▶ [Problem description]: All lines up to and including the one that contains "Camera HFOV: 60.0" are to be transcribed exactly, starting from the first line of the records.

[[ Task data open ]]

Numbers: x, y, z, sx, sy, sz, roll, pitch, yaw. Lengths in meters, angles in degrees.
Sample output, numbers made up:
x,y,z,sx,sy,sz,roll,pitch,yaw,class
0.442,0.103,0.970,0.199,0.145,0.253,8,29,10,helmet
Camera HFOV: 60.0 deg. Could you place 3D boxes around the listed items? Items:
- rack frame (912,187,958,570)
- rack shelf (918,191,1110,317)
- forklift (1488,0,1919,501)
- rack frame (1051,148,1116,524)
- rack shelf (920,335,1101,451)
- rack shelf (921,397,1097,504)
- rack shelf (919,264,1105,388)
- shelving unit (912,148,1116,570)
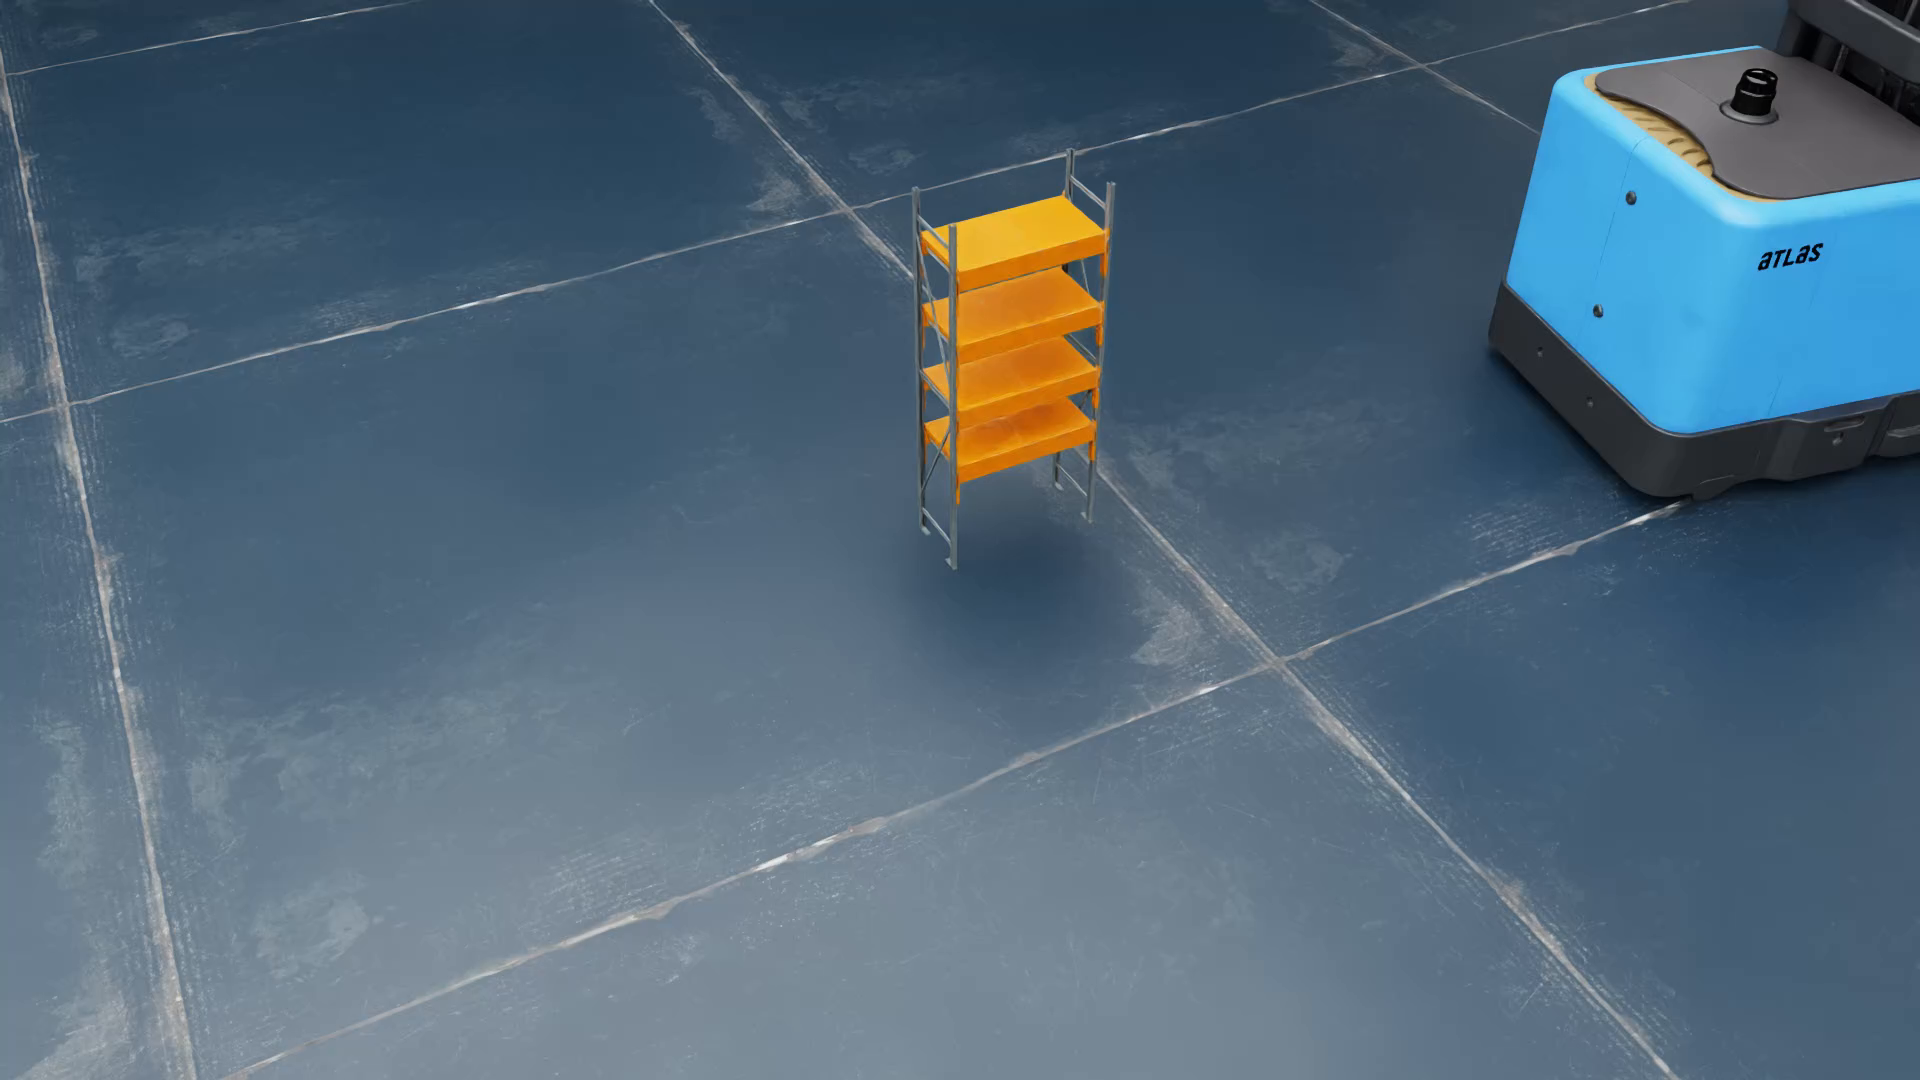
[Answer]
x,y,z,sx,sy,sz,roll,pitch,yaw,class
-0.070,-0.435,4.835,0.015,1.200,0.240,-19,44,-21,rack frame
0.147,-0.807,4.667,0.480,0.148,0.258,-19,44,-21,rack shelf
3.480,-1.787,5.092,3.031,2.935,1.130,-11,41,-13,forklift
0.363,-0.580,5.007,0.015,1.200,0.240,-19,44,-21,rack frame
0.147,-0.456,4.964,0.480,0.148,0.258,-19,44,-21,rack shelf
0.147,-0.304,5.092,0.480,0.148,0.258,-19,44,-21,rack shelf
0.147,-0.627,4.820,0.480,0.148,0.258,-19,44,-21,rack shelf
0.147,-0.507,4.921,0.503,1.200,0.258,-19,44,-21,shelving unit

[[ Task data closed ]]

▶ [Task response]:
Numbers: x, y, z, sx, sy, sz, roll, pitch, yaw. Lengths in meters, angles in degrees.
Sample output, numbers made up:
x,y,z,sx,sy,sz,roll,pitch,yaw,class
0.442,0.103,0.970,0.199,0.145,0.253,8,29,10,helmet
Camera HFOV: 60.0 deg. Could you place 3D boxes around the listed items? Items:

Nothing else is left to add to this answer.